We upload the datasets and splits used in our computational tests to figshare.

To download the datasets: https://figshare.com/s/8bbb8cad9ac644bf9caa.

Then unzip the file and put it in the KPGT/ directory.

Pre-train

Download the pre-trained model at: https://figshare.com/s/d488f30c23946cf6898f.

Then unzip it and put it in the KPGT/models/ directory.

You also can follow the steps below to pre-train a new model.

Step 1: Prepare Dataset

Extract the molecular descriptors and fingerprints of the SMILES in the ChEMBL dataset:

python preprocess_pretrain_dataset.py --data_path ../datasets/chembl29/

Step 2: Pre-train

Use DistributedDataParallel to pre-train KPGT:

CUDA_VISIBLE_DEVICES=0,1,2,3 python -u -m torch.distributed.run --nproc_per_node=4 --nnodes=1 --master_port 12312 train_kpgt.py --save_path ../models/pretrained/base/ --n_threads 8 --n_devices 4 --config base --n_steps 100000 --data_path ../datasets/chembl29/

You can configure the model by modifing the KPGT/src/model_config.py.

Fine-tune

Step 1: Prepare Dataset

Construct molecular line graphs and extract the molecular descriptors and the fingerprints from SMILES in a downstream dataset (e.g., bace):

python preprocess_downstream_dataset.py --data_path ../datasets/ --dataset bace 

Step 2: Fine-tune

Fine-tune pre-trained model on a specific downstream task:

For classification tasks:

python finetune.py --config base --model_path ../models/pretrained/base/base.pth  --dataset bace --data_path ../datasets/ --dataset_type classification --metric rocauc --split scaffold-0 --weight_decay 0 --dropout 0 --lr 3e-5

For regression tasks:

python finetune.py --config base --model_path ../models/pretrained/base/base.pth  --dataset freesolv --data_path ../datasets/ --dataset_type regression --metric rmse --split scaffold-0 --weight_decay 0 --dropout 0 --lr 3e-5

Weight decay, dropout and lr are tunable hyper-parameters.

Evaluation

Due to the non-deterministic function in PyTorch, it is hard to exactly reproduce the fine-tuning results. Therefore, we provide the fine-tuned model for eleven datasets under the transfer learning setting, to guarantee the reproducibility of the test results reported in our paper.

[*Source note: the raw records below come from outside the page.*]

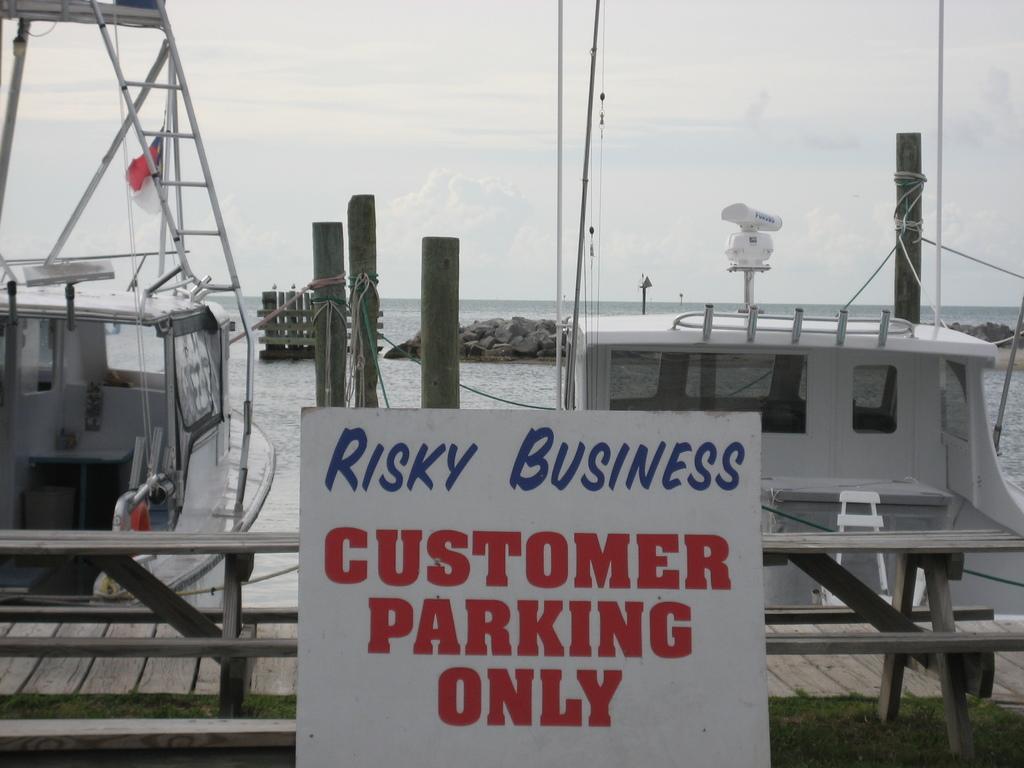Can you describe this image briefly? In the image we can see there are boats in the water. Here we can see poles, rope and the stones. We can even see the poster and text on it. Here we can see a fence, wooden footpath, grass and the cloudy sky. 
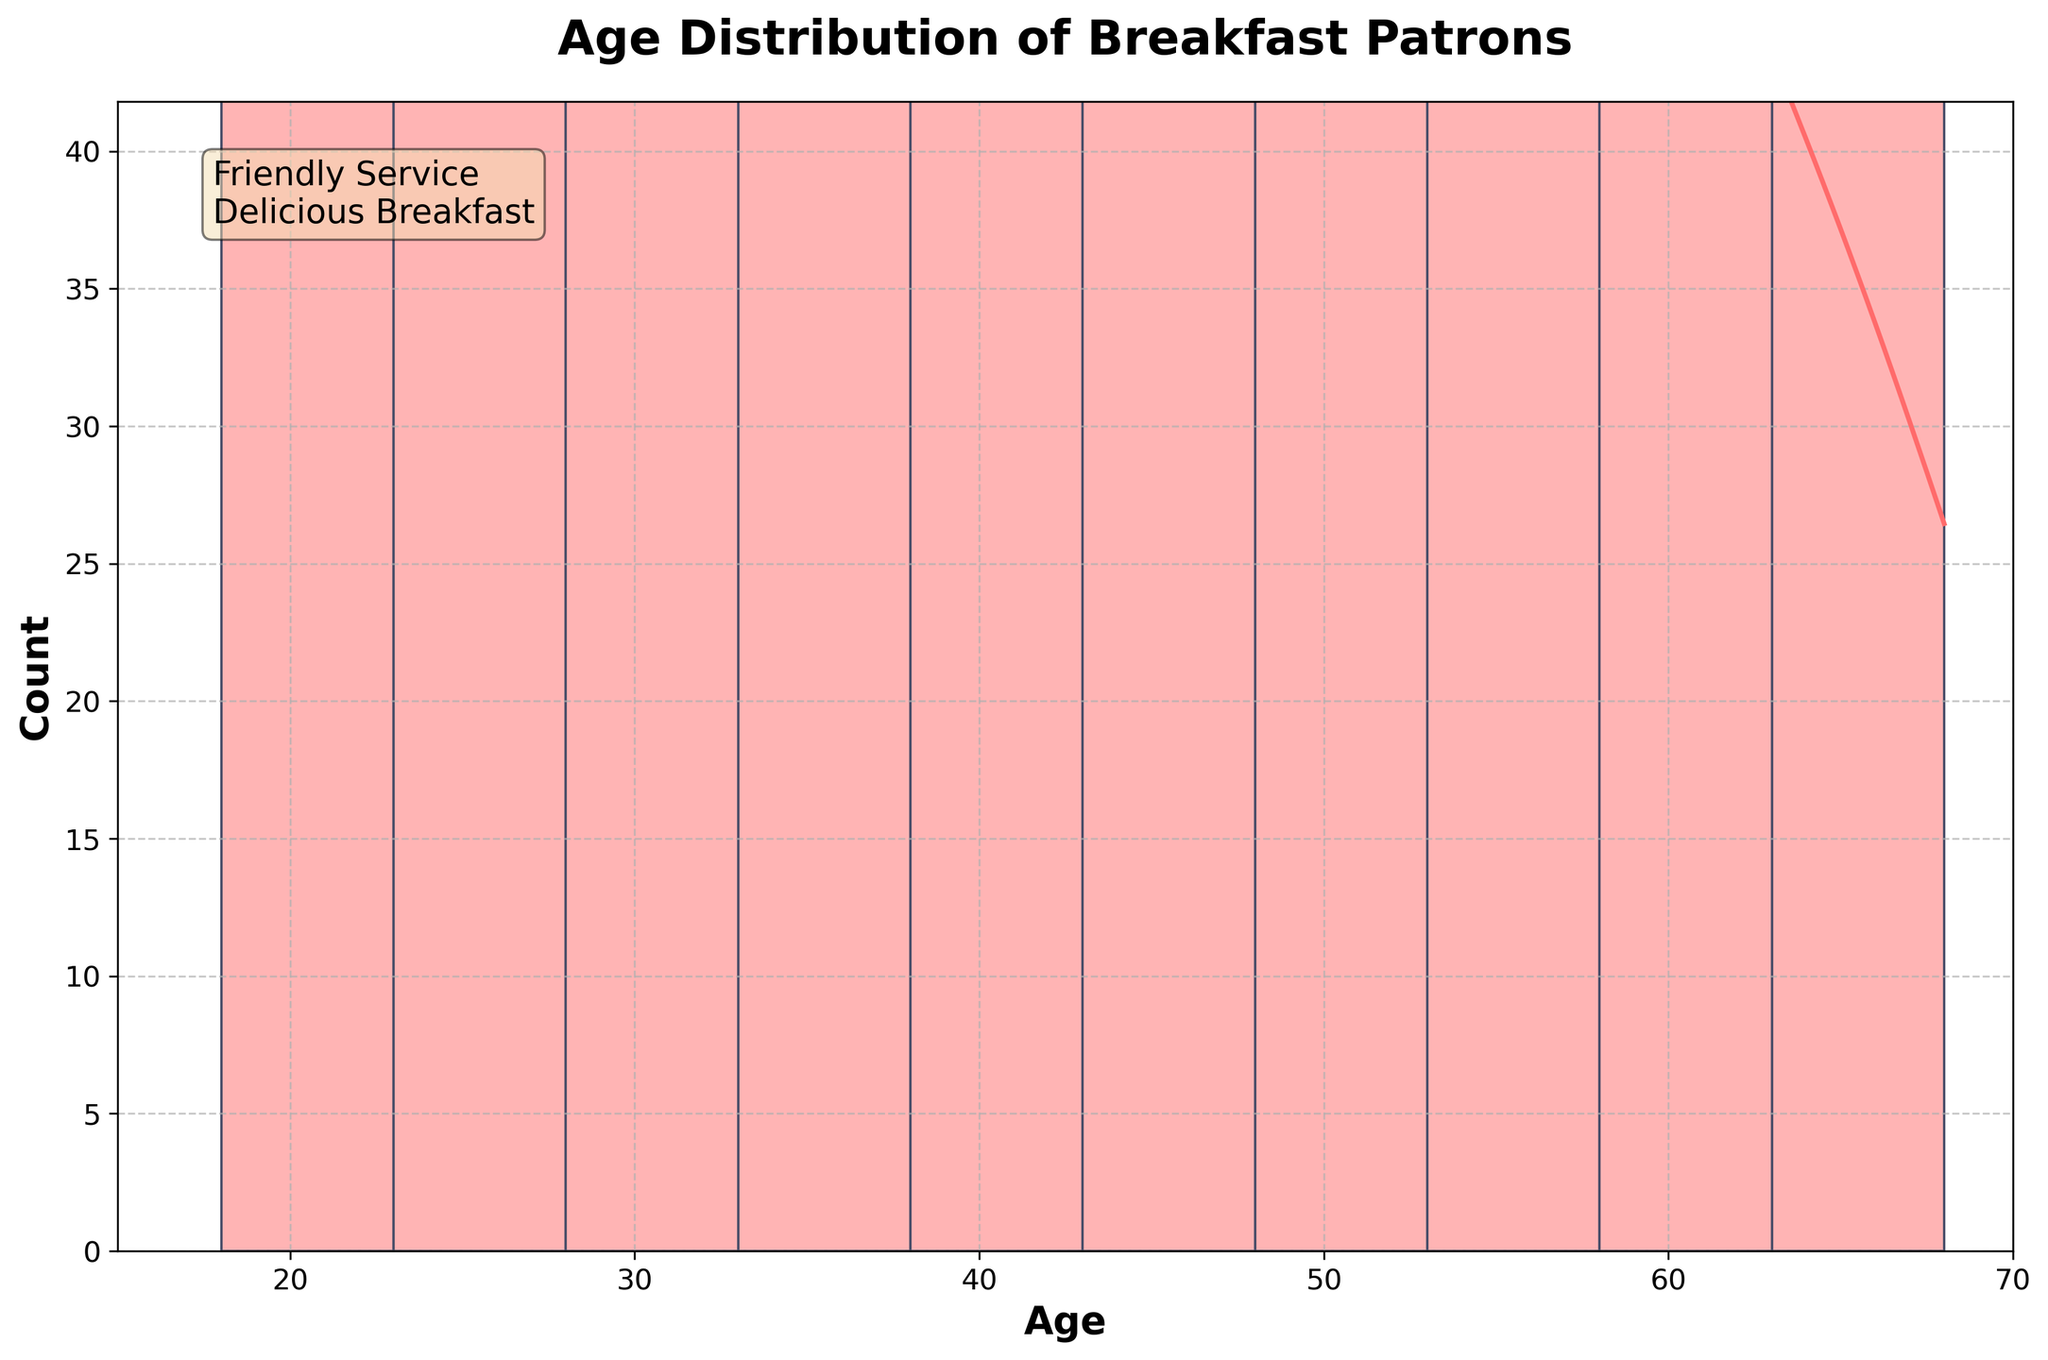what is the title of the figure? The title is usually located at the top center of the figure. It summarizes what the figure is about. In this case, it states, "Age Distribution of Breakfast Patrons."
Answer: Age Distribution of Breakfast Patrons what is the color of the density curve in the figure? The density curve is represented by a line in the figure. It is visually distinct from the bars due to its unique color. In this case, it is a greenish color.
Answer: Greenish How many age groups are there in the histogram? The age groups on the x-axis are distinct bars separated into different age ranges. By counting the distinct separations along the x-axis, we determine the number of age groups.
Answer: 14 what is the age range with the highest count of breakfast patrons? Looking at the bars, we can identify the age range with the highest count by finding the tallest bar on the histogram. It is the age group around 34 years old.
Answer: Around 34 years How does the average count of Tuesday compare to Monday? We calculate the average count by adding up all counts for Tuesday and Monday, then dividing by the number of age groups for each day and compare the two averages.
Answer: Tuesday has a higher average What ages show a notable dip in the density curve? The density curve's notable dips are where the line drops significantly compared to other ages. We identify these dips visually from the line.
Answer: Around 25 and 60 years which day has the widest spread in age distribution? By analyzing the patterns of the histogram bars and the density curve for each day in the histogram, we estimate which day has the longest range in age distribution.
Answer: Saturday what is the general trend in the age of breakfast patrons from Monday to Sunday? By looking at the histogram and density curves for each day and noting how the counts change across the week, we determine if there's an increasing, decreasing, or static trend.
Answer: Increase in middle-aged patrons towards the weekend Which age range appears equally popular every day? We check the age groups where the density (height of bars) and KDE line does not significantly change throughout the days.
Answer: Around 30-35 years

Step 1: Download Fine-tuned Models

To download the fine-tuned models: https://figshare.com/s/fd55d94d6bb21b8d7c39

Then unzip it and put the files in the KPGT/models/downstream/ directory.

Step 2: Reproduce the results

Then the results can be reproduced by:

python evaluation.py --config base --model_path ../models/downstream/bace/scaffold_0.pth --dataset bace --data_path ../datasets/ --dataset_type classification --metric rocauc --split scaffold-0

The dataset, split and model can be specified using parameters --dataset, --split and --model_path, respectively.

Generate Latent Features for Arbitrary Datasets

To generate latent features for molecules from arbitrary datasets using the pre-trained KPGT:

python extract_features.py --config base --model_path ../models/pretrained/base/base.pth --data_path ../datasets/ --dataset bace

Modify --dataset to specify the target dataset.